Nothing but the line containing "maker's role: artist" and the lines after it in the entries below should appear, each repeated exactly.

============

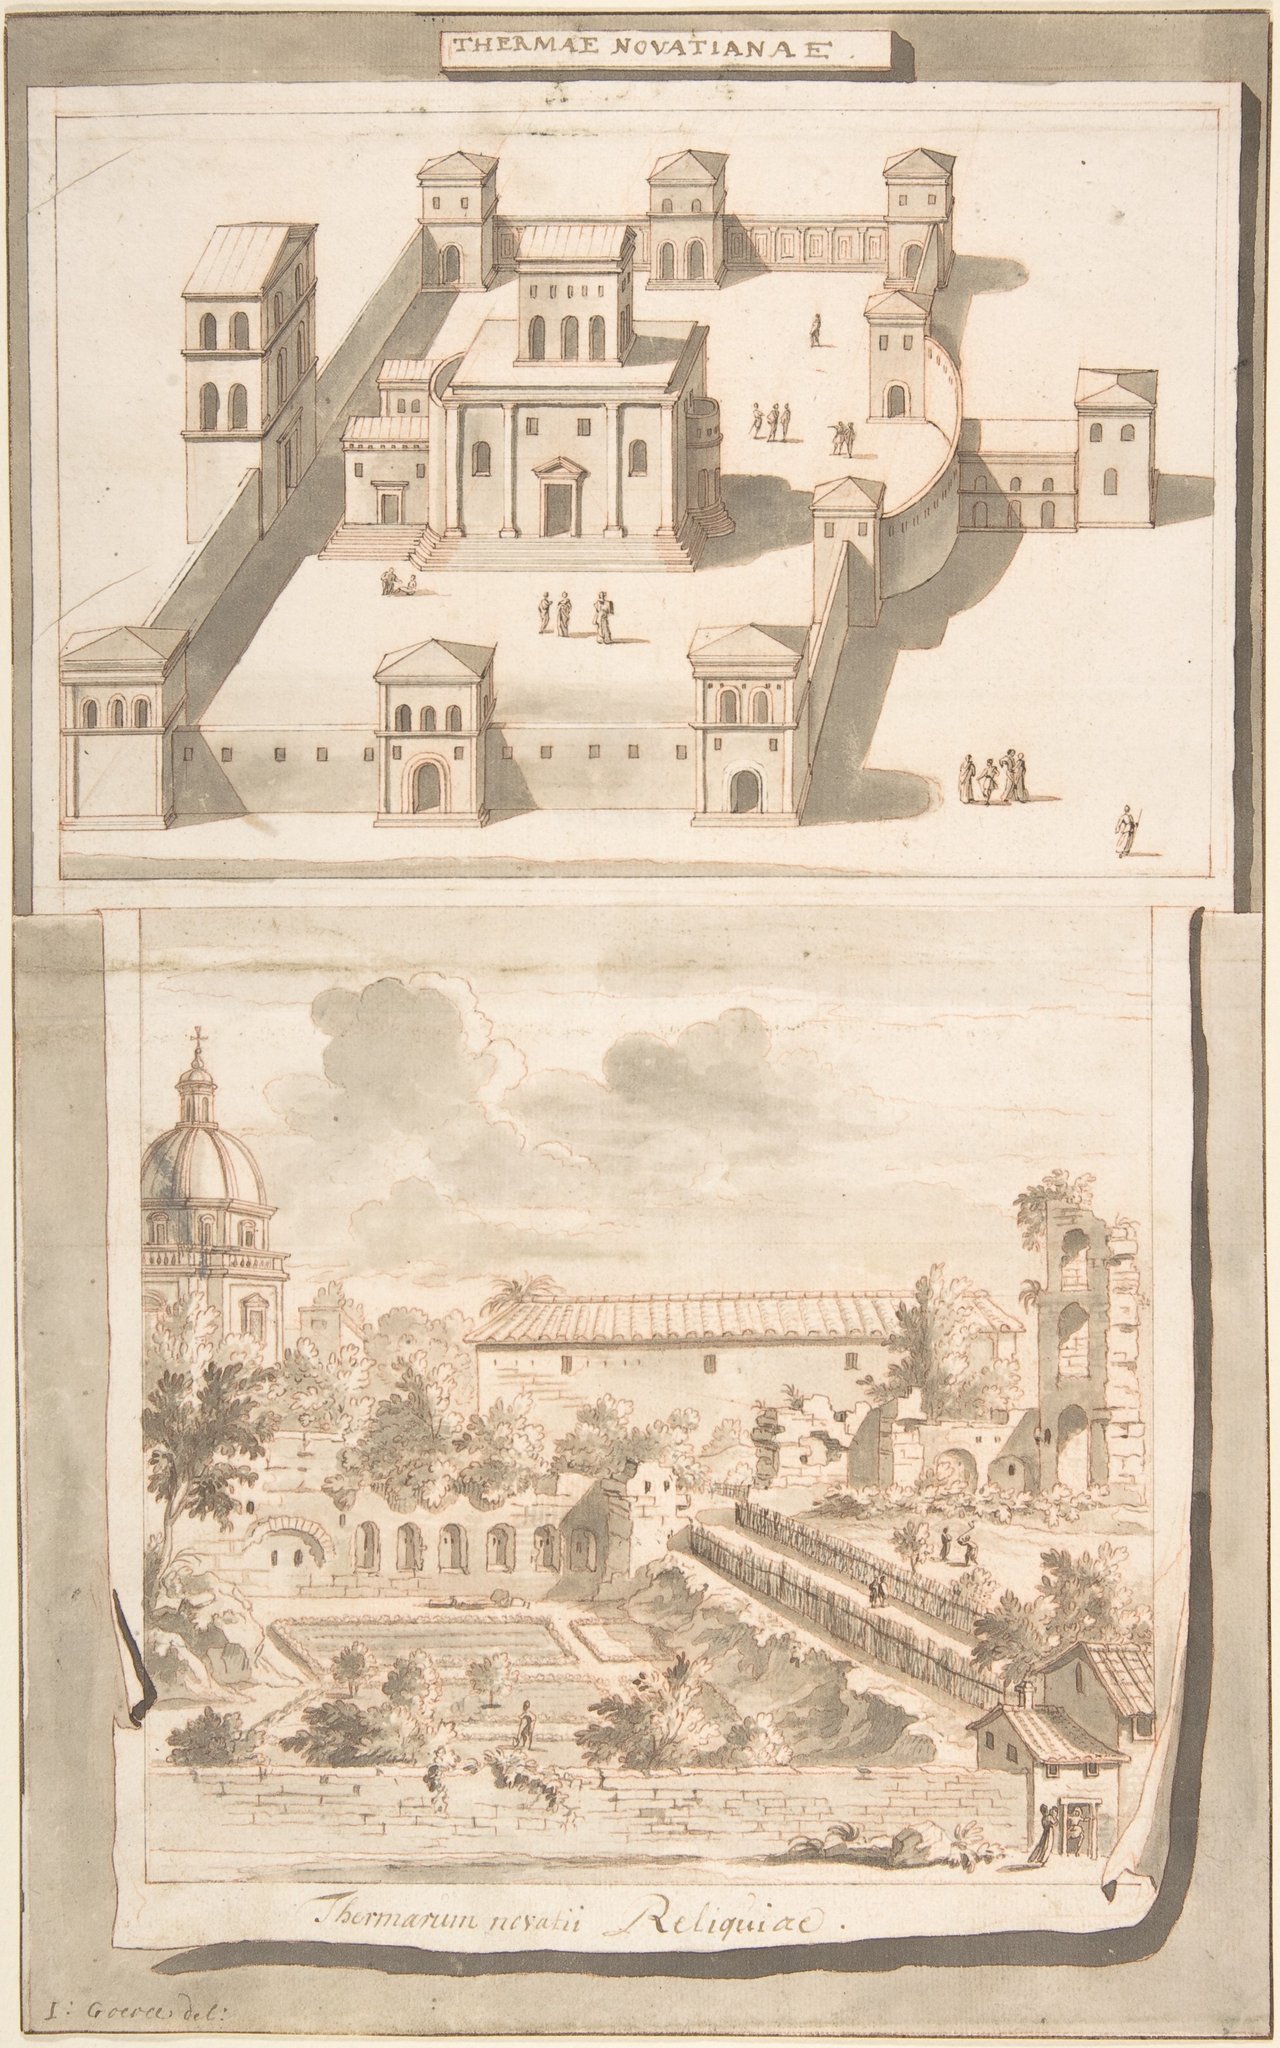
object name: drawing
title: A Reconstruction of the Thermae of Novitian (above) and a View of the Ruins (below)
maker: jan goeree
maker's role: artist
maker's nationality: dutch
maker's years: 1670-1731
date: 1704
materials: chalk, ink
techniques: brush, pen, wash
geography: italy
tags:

============

• [Completed task]
maker's role: artist
maker's nationality: dutch
maker's years: 1670-1731
date: 1704
materials: chalk, ink
techniques: brush, pen, wash
geography: italy
tags:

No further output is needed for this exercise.